## Directions for this task
Look through the records below and say how many lines include "lowest". Give only that number.

════════

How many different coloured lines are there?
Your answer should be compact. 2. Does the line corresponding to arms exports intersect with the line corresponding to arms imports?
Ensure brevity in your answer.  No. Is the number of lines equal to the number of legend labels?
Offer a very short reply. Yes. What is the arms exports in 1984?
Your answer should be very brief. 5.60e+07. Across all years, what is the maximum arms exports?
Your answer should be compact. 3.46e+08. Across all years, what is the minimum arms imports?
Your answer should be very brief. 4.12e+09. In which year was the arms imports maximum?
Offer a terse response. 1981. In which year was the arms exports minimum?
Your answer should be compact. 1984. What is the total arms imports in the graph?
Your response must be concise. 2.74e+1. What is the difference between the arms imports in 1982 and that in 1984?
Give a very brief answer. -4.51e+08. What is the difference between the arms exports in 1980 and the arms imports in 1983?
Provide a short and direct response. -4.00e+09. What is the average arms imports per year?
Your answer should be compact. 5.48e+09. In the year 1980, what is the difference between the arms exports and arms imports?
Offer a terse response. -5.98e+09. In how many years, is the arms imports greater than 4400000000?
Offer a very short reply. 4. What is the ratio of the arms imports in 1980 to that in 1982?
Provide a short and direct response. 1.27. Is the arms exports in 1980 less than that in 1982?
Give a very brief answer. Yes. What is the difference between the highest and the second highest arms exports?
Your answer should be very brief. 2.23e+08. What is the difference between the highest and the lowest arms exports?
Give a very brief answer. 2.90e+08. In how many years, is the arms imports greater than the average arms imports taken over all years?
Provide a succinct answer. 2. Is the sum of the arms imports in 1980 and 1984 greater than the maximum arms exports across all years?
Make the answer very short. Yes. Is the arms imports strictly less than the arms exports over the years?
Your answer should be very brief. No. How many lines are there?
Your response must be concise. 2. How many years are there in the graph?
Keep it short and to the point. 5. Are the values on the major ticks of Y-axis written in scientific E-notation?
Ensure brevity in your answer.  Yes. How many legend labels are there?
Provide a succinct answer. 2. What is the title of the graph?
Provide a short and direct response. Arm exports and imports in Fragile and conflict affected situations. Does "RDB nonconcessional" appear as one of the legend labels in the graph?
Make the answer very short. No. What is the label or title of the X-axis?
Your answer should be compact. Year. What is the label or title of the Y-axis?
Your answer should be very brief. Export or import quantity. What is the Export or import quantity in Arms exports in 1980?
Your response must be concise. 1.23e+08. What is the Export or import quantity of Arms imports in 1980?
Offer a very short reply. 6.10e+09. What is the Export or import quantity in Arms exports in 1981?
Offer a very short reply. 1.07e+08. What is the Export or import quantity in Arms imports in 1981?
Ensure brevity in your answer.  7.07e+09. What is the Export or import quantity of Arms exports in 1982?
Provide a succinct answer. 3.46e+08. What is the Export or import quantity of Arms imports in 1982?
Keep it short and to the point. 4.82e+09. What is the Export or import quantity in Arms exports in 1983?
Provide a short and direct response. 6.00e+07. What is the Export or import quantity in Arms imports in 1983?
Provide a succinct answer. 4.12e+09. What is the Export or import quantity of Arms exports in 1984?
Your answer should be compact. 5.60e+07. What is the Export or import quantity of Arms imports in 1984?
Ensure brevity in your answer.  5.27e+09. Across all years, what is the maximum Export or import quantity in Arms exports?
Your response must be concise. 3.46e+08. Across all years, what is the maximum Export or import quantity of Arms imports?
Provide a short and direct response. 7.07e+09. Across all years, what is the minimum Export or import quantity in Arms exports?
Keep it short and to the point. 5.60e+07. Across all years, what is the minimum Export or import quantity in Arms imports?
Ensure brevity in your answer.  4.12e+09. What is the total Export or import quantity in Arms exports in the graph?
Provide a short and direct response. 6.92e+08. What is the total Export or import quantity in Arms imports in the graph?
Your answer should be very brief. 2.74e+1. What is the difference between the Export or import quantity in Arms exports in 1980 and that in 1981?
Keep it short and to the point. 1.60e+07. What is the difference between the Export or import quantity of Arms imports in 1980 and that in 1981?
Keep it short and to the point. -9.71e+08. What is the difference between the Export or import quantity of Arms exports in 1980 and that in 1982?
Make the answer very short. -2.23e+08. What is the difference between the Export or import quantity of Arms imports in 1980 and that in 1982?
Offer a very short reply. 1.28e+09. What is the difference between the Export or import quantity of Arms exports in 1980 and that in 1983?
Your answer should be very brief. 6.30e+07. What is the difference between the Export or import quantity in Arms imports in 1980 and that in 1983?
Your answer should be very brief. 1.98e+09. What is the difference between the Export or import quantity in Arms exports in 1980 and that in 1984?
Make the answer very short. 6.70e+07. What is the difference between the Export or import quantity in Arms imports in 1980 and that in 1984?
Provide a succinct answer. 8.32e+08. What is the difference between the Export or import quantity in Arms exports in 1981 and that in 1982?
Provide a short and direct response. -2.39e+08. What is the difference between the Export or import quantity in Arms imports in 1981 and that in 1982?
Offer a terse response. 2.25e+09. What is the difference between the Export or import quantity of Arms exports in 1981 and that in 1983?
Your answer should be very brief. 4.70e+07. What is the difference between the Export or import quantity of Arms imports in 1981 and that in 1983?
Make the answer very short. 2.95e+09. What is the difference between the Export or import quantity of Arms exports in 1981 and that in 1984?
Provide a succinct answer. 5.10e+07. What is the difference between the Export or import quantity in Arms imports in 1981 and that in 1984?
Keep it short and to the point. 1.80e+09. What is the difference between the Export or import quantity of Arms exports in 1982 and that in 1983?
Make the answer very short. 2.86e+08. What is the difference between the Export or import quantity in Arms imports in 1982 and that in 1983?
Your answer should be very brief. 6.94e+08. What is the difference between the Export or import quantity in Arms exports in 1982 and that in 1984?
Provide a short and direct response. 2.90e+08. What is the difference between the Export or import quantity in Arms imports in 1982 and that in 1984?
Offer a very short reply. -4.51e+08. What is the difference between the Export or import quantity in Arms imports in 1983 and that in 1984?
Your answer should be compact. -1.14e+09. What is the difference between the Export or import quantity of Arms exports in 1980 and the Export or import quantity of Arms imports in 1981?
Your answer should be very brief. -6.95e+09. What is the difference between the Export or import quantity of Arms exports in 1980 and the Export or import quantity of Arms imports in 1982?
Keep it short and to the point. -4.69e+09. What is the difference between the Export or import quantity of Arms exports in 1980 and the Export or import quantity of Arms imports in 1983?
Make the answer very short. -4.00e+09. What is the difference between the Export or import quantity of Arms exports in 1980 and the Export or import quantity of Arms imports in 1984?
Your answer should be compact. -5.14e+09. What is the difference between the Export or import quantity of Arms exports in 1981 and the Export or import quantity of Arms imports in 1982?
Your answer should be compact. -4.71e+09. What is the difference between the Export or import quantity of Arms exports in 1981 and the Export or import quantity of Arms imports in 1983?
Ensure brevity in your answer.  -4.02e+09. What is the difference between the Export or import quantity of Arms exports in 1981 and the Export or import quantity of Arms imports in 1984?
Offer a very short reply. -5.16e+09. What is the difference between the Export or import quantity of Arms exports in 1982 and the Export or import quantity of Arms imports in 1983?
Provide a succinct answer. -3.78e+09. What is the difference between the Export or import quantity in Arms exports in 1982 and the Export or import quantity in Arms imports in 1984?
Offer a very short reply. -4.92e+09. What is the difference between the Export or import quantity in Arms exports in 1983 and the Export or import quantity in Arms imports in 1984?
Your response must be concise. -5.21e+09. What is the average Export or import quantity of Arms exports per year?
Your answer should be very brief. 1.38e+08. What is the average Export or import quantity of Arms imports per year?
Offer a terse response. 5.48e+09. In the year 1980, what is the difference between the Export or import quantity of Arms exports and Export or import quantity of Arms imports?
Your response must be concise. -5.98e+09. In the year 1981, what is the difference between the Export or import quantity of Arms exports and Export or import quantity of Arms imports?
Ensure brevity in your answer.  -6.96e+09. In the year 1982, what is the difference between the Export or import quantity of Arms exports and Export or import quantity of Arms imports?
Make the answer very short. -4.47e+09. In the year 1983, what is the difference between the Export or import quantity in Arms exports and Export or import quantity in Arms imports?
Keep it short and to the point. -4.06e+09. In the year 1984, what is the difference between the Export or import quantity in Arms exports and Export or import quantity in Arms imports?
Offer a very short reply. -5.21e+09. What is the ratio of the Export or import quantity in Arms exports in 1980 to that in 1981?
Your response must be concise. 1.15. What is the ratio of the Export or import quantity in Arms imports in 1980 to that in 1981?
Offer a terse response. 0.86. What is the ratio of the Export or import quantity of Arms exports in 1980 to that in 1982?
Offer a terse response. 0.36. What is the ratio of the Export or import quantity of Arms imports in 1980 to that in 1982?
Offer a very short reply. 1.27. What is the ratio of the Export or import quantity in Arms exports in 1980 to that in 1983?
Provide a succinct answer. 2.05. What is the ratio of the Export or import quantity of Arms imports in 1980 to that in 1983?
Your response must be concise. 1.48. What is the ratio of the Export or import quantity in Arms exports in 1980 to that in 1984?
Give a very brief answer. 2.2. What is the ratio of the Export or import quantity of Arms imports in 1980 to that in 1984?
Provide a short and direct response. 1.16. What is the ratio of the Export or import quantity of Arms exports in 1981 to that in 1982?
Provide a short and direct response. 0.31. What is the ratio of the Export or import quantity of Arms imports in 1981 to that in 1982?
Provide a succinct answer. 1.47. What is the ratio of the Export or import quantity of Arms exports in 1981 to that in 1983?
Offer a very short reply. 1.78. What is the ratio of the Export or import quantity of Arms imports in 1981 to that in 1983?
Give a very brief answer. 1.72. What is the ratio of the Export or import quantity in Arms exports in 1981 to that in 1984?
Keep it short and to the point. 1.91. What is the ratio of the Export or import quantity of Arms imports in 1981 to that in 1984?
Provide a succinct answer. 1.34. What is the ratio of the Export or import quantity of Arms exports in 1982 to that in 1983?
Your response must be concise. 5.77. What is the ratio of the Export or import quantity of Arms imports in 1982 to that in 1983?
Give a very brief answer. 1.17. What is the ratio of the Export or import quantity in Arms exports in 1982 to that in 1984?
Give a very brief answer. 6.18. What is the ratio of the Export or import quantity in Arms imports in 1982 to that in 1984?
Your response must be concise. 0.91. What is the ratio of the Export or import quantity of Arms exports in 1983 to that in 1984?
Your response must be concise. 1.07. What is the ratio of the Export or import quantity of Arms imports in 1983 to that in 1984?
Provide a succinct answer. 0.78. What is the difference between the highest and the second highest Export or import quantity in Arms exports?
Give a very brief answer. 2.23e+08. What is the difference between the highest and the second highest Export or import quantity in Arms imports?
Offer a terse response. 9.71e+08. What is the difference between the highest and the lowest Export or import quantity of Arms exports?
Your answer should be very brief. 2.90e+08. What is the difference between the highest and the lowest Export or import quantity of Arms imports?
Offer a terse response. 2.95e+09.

════════

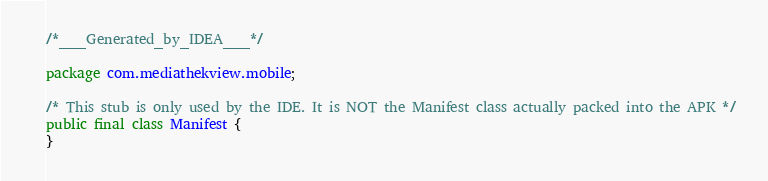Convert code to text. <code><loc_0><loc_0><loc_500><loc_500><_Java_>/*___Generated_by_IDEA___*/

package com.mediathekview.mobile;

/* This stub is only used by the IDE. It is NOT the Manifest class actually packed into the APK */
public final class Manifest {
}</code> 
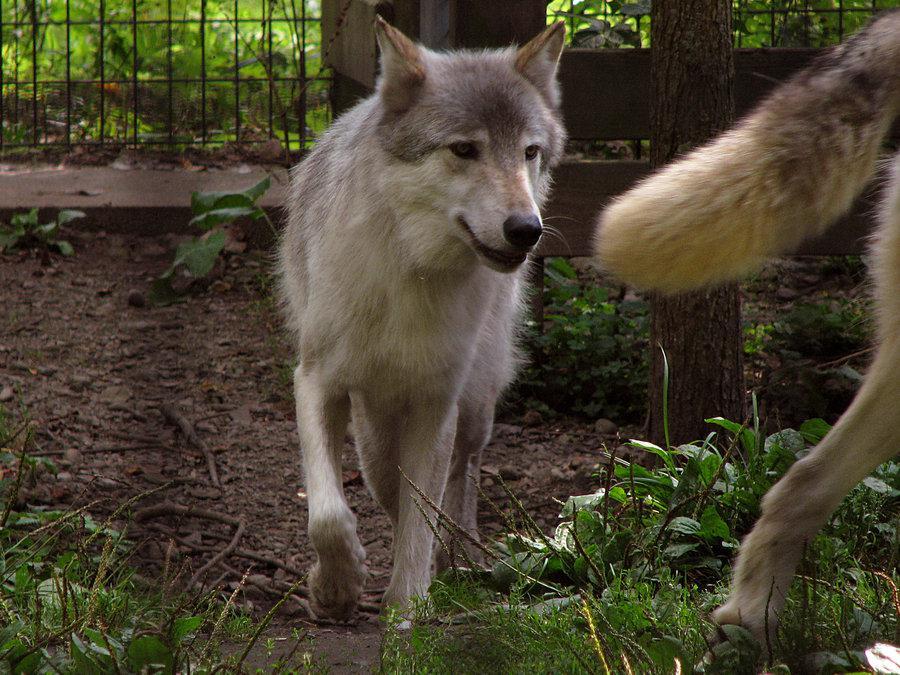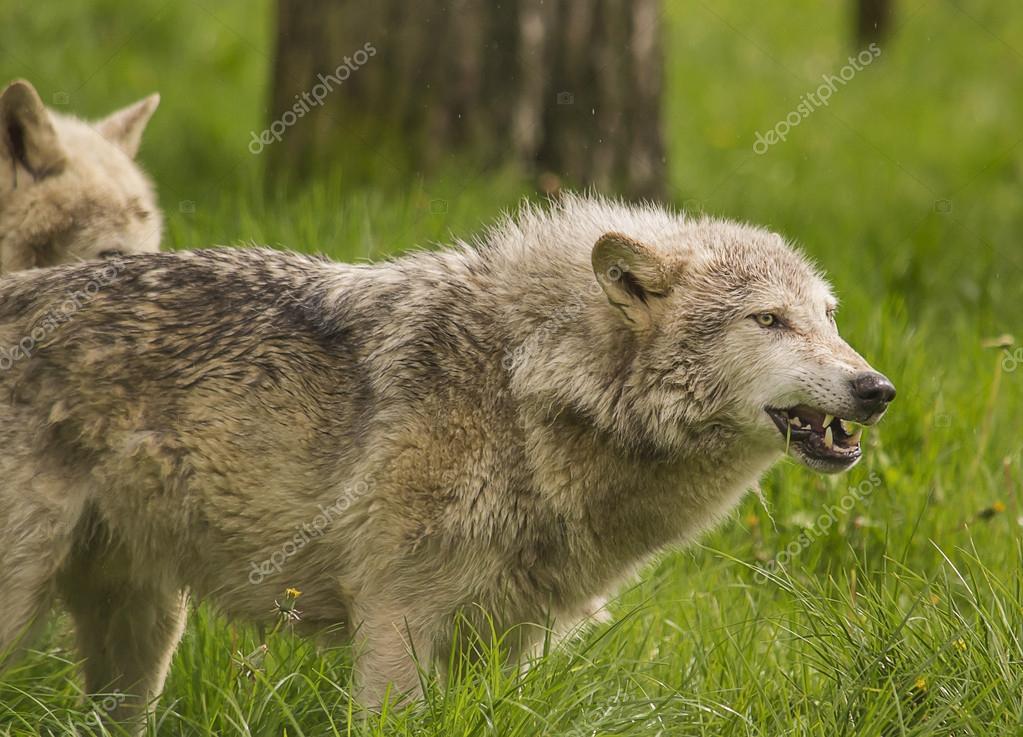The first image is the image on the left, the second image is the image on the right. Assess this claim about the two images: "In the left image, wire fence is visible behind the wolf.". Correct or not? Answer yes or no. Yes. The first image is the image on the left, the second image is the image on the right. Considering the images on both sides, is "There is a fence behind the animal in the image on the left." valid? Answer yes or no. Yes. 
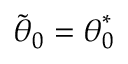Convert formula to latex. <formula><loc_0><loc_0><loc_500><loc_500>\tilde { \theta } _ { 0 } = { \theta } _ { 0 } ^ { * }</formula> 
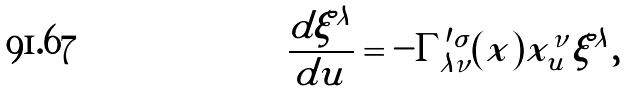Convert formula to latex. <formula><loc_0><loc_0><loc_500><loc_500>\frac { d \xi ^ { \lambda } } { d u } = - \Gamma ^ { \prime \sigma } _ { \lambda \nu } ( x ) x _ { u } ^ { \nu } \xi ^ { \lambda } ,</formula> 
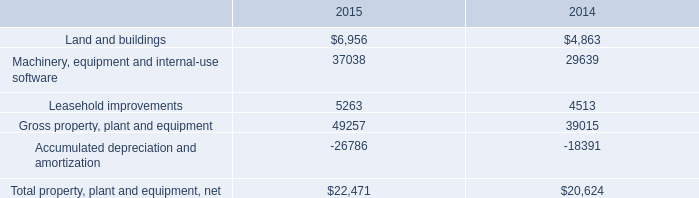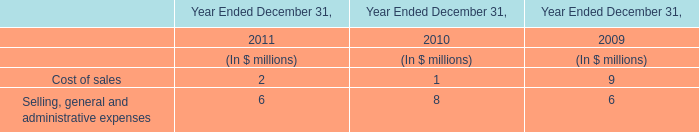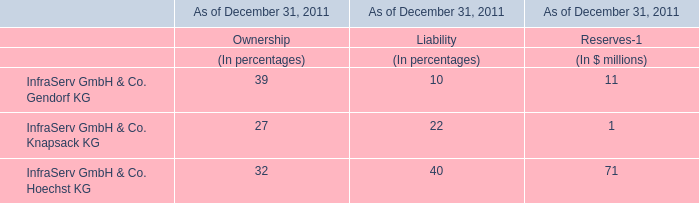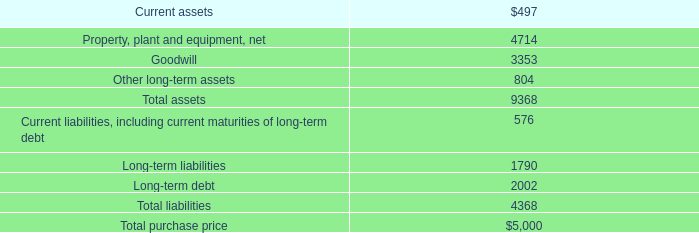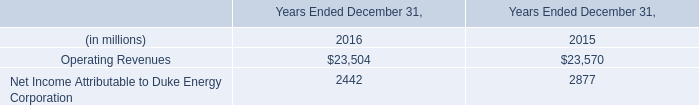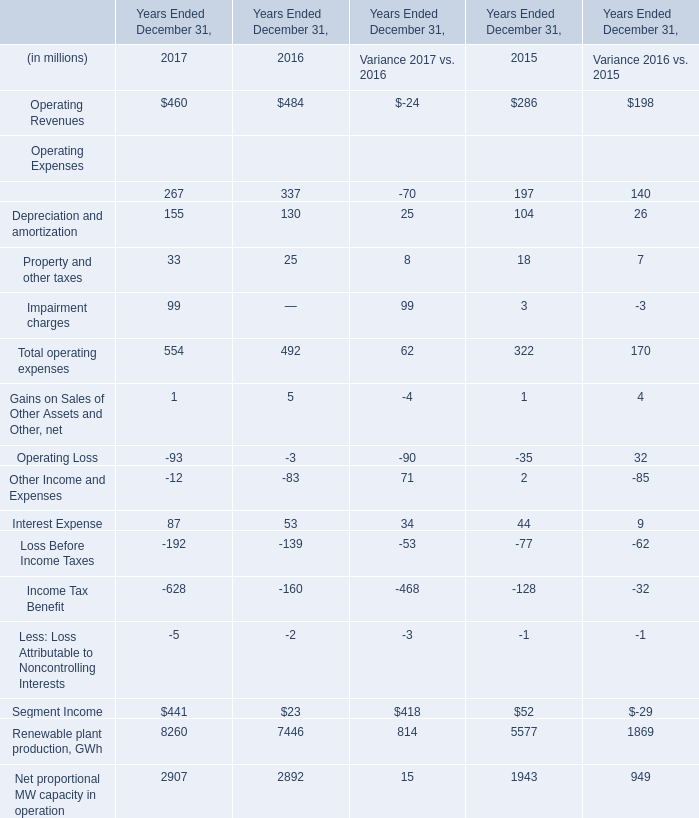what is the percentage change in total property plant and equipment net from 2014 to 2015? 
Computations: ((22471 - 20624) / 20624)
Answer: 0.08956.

════════

## Solution for this problem
3